The safe-harbour rule, which is proposed in clause 102MB(2), reads:

For the purposes of this Division, an entity’s investments in land are taken to be for the purpose, or primarily for the purpose, of deriving rent during a year of income if:

(a)
each of those investments is for purposes (other than the purpose of trading) that include a purpose of deriving rent; and
(b)
at least 75% of the gross revenue from those investments for the year of income consists of rent (except excluded rent); and
(c)
none of the remaining gross revenue from those investments for the year of income is:
(i)
excluded rent; or
(ii)
from the carrying on of a business that is not incidental and relevant to the renting of the land.

There is this nexus with the revenue being incidental to the renting of the land, but there is also this new notion of excluded rent which has been introduced into the regime. Excluded rent is defined elsewhere in the bill to include those particular profit based formulas that might be rent in name but in form something more akin to a profit based formulation. This is very much in keeping with the philosophy of what division 6C is intending to achieve—that is, some equity between various entities, whatever their legal forms, based on a recognition of the economic realities that underpin them.
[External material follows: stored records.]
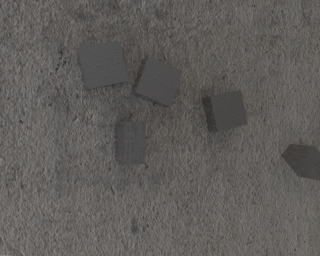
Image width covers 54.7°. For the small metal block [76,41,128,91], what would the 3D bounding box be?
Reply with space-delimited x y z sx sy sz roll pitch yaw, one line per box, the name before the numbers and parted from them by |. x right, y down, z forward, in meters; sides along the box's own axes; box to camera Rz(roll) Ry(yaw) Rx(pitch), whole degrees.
small metal block | -0.072 -0.076 0.382 0.050 0.025 0.050 -15 95 -20

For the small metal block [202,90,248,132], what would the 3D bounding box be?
small metal block | 0.093 -0.024 0.443 0.050 0.025 0.050 -14 95 -20

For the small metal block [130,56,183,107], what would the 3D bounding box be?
small metal block | -0.004 -0.059 0.407 0.050 0.025 0.050 21 83 -19

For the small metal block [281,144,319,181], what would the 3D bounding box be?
small metal block | 0.226 0.053 0.479 0.025 0.050 0.050 -46 105 -14

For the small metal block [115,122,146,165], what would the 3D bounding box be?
small metal block | -0.037 0.017 0.382 0.025 0.050 0.050 0 90 -20

These measures will go a very long way. They are only interim measures but combined with the ongoing commitment to consultation and delivering a radically reformed division 6C, this government will be able to move one step closer towards achieving its goal of setting up Australia as a regional hub for financial services. This is something that we are well placed to do and now, with these amendments to the law, we will be even better placed to achieve.